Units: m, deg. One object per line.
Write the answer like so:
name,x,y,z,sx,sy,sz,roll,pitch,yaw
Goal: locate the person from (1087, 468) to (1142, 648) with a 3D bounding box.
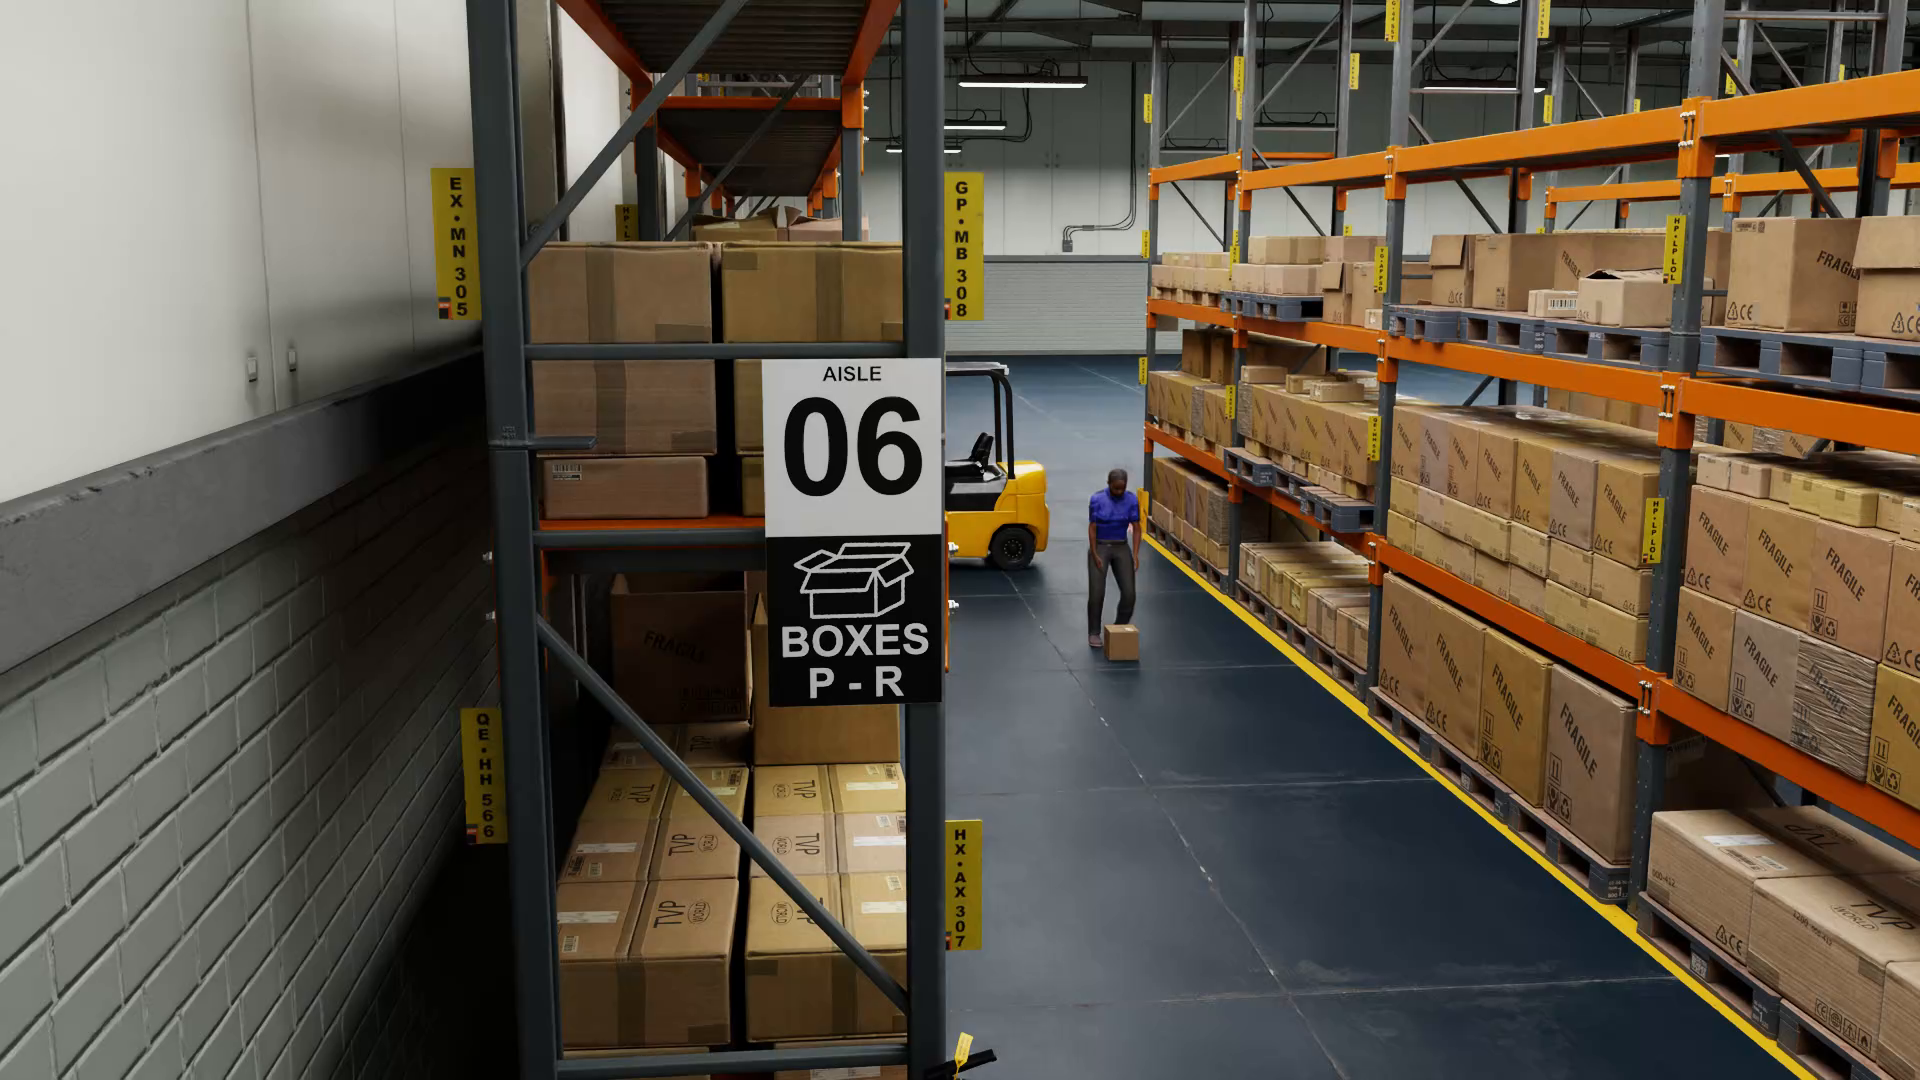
person,1.336,0.142,14.410,0.469,1.570,0.430,-1,10,-5

_ _ _

**ASSIGNMENT:**
Your reply should give again exactly the lines from the one with "name,x,y,z,sx,sy,sz,roll,pitch,yaw" through the last line of the data, with both ends included and pictures left out.

**OUTPUT:**
name,x,y,z,sx,sy,sz,roll,pitch,yaw
Goal: locate the person from (1087, 468) to (1142, 648) with a 3D bounding box.
person,1.336,0.142,14.410,0.469,1.570,0.430,-1,10,-5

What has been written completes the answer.